# A rhombus shaped field has green grass for 18 cows to graze. If each side of the rhombus is 30 m and its longer diagonal is 48 m, how much area of grass field will each cow be getting?

**Solution:**

We will divide the given rhombus into two triangles, and by using Heron’s formula, we can calculate the area of triangles.

Heron formula for the area of a triangle = √s(s - a)(s - b)(s - c)

Where a, b and c are the sides of the triangle, and s = Semi-perimeter = Half the Perimeter of the triangle = (a + b + c)/2

Let the longer diagonal AC divides the rhombus ABCD into two congruent triangles.

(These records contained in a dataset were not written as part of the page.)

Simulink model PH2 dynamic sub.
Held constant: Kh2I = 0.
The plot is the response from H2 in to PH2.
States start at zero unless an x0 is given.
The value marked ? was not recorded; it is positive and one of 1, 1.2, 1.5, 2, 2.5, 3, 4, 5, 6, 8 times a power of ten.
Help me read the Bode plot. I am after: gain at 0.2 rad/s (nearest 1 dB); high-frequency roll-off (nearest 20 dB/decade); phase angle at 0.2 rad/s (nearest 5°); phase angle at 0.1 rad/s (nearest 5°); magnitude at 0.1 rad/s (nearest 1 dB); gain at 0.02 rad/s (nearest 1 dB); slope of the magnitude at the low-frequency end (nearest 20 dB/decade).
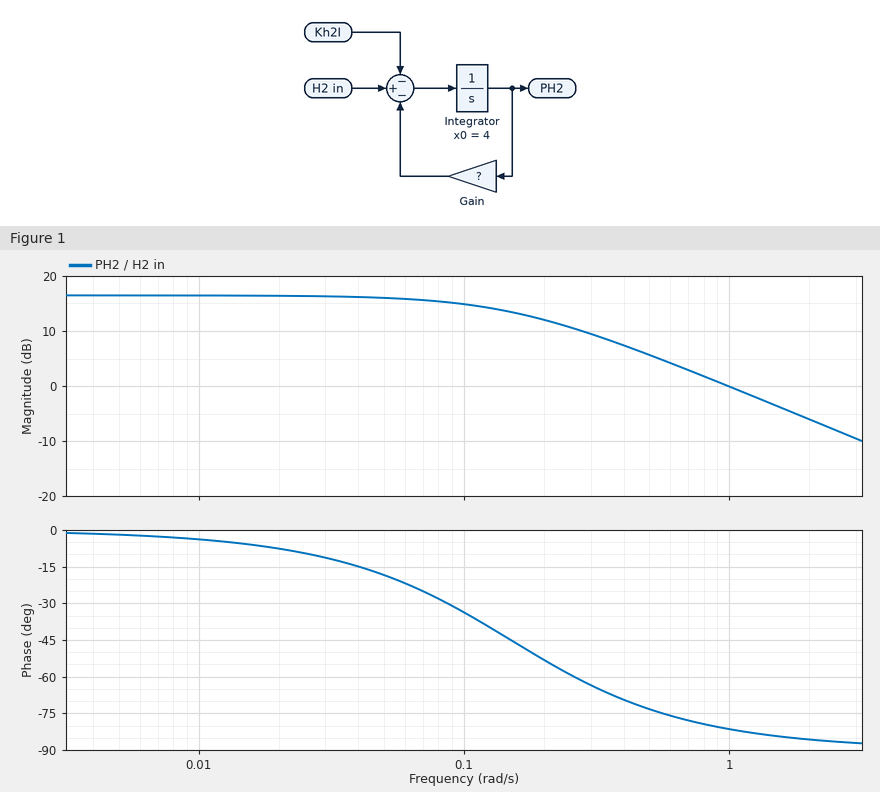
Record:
12 dB
-20 dB/decade
-55°
-35°
15 dB
16 dB
0 dB/decade
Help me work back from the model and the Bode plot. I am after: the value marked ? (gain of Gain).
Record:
0.15

For ∆ABC, a = b = 30 m, c = 48 m

And Semi Perimeter(s) = (a + b + c)/2

s = (30 + 30 + 48)/2

s = 108/2

s = 54 m

By using Heron’s formula,

Area of ΔABC = √s(s - a)(s - b)(s - c)

= √54(54 - 30)(54 - 30)(54 - 48)

= √54 × 24 × 24 × 6

Area of ΔABC = 432 m^{2}

Area of rhombus = 2 × Area of a ΔABC

= 2 × 432 m^{2}

= 864 m^{2}

Since, number of cows = 18

The area of grass field will each cow get = (Total area of the rhombus) / 18

= 864 m^{2}/18

= 48 m^{2}

Thus, each cow will be getting a 48 m^{2} area of the grass field.

**Video Solution:**

## A rhombus shaped field has green grass for 18 cows to graze. If each side of the rhombus is 30 m and its longer diagonal is 48 m, how much area of grass field will each cow be getting?

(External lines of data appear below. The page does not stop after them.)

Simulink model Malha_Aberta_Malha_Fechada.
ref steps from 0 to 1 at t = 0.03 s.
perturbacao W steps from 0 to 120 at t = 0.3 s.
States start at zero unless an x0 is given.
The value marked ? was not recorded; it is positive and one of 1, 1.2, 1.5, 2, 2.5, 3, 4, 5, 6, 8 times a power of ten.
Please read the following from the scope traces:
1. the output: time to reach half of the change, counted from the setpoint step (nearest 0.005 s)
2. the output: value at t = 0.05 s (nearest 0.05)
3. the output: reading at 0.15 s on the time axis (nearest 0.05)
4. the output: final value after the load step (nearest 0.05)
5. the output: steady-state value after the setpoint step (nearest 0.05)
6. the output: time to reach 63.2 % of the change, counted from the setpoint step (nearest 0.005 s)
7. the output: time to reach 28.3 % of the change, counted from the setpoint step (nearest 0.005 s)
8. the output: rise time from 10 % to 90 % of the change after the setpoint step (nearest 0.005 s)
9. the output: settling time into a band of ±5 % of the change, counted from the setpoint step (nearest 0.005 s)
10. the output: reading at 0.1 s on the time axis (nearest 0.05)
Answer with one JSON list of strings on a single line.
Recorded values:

### Class 9 Maths NCERT Solutions - Chapter 12 Exercise 12.2 Question 5:

**Summary:**

It is given that rhombus shaped field has green grass for 18 cows to graze. If each side of the rhombus is 30 m and its longer diagonal is 48 m, we have found that each cow would be getting an area of 48 m² to graze.